Ese día hacía mucho frío. Nos íbamos a ver y dentro de mí había algo que me quemaba. Siempre llevaba dentro de mi cartera un cuchillo, una costumbre árabe. «Uno nunca sabe cuándo lo pueda necesitar», decía mi abuelo. Me fijé que estuviera dentro de mi cartera y luego me arreglé para ir a su encuentro. Nos encontramos en el lugar de siempre. ¡Cómo me hubiese gustado que, aunque sea una sola vez, esa vez me hubiera dado una sorpresa!, pero yo sabía que todo iba a ser igual que siempre. Rodaron por mis mejillas lágrimas más saladas que nunca. Otra vez allí, abierta de par en par, transparente: vagina, boca, lengua, gemidos, toda entera para él.
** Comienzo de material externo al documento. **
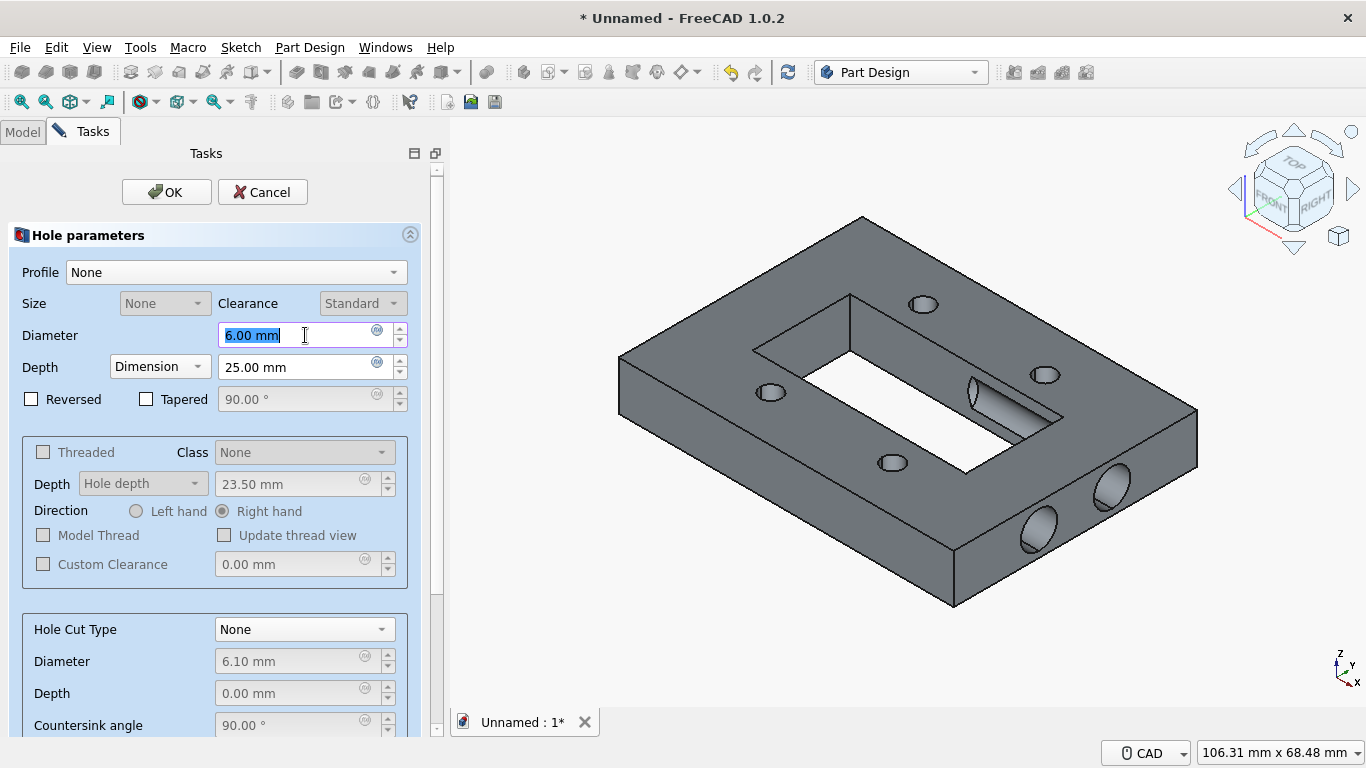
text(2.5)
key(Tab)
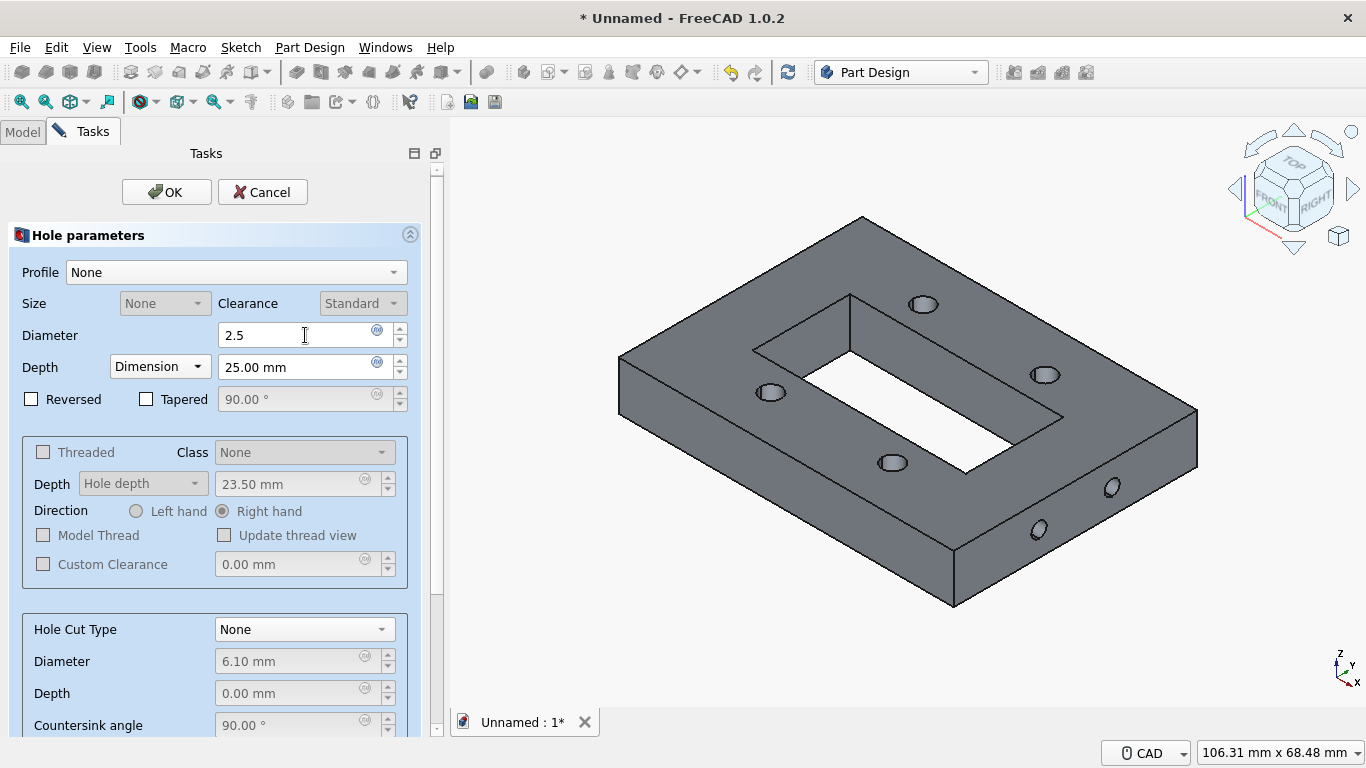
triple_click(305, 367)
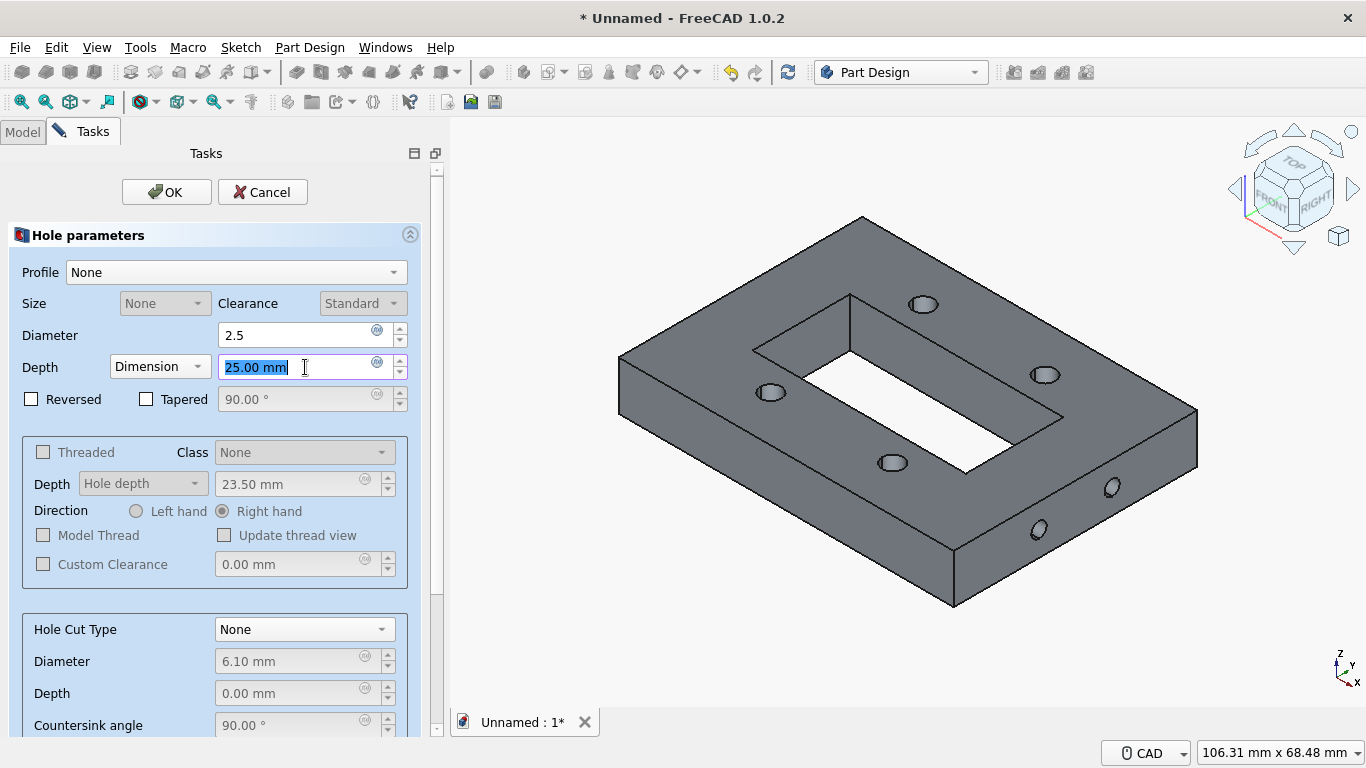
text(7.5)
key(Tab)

Entré al hotel y caminé hacia la habitación 214. Llegué y golpeé la puerta con suavidad. Él abrió y casi sin esperar me besó; estaba más que listo para su carnicería habitual. Lo miré con rabia y ni cuenta se dio. Él tenía por costumbre ir al baño antes de estar conmigo, ese día no fue la excepción; así que yo de manera casi mecánica, metí la mano en mi cartera, saqué el cuchillo y lo puse debajo de la almohada. Cuando regresó, comenzó a besarme, yo no podía sentir más sus besos. Él me acariciaba y yo lo dejaba, le seguía el juego. Lo único que yo pensaba era en el cuchillo. Durante este juego amoroso caímos a la cama, él quedó debajo de mí, y yo comencé a moverme lentamente; él gozaba más que nunca. Tenía sus ojos cerrados sintiendo cada movimiento, disfrutando y cuando comenzó a tener un orgasmo, saqué el cuchillo y asesté mi primera puñalada directo al corazón. Sus ojos se abrieron tan grandes como la naturaleza se lo permitió. Su cuerpo temblaba y seguí como una continuación del acto sexual, entrando y saliendo con toda la pasión que me estaba moviendo en ese momento. Cuando él comenzó a expulsar sangre por su boca y ahogarse en ella, tuve un orgasmo infinito y silencioso. Mi cuerpo tembló como si su alma hubiese entrado en mí y caí extasiada a su lado, por primera vez satisfecha y con poder. Me apropié de su vida por un rato, pero luego de este acto pútrido, me di cuenta de que él seguía teniendo poder sobre mí. Esta era una muestra más de cuánto me había robado, de cuán perdida yo estaba y envenenada de su propia cobardía.

La cara de la mujer que estaba escuchando mi historia parecía la cara de una muñeca del museo de cera. Sin decir palabra se levantó del banco y me dejó sola… volví a la celda. Miré todo a mi alrededor y vi más oscuridad. Me cubrí la cara y comencé a llorar.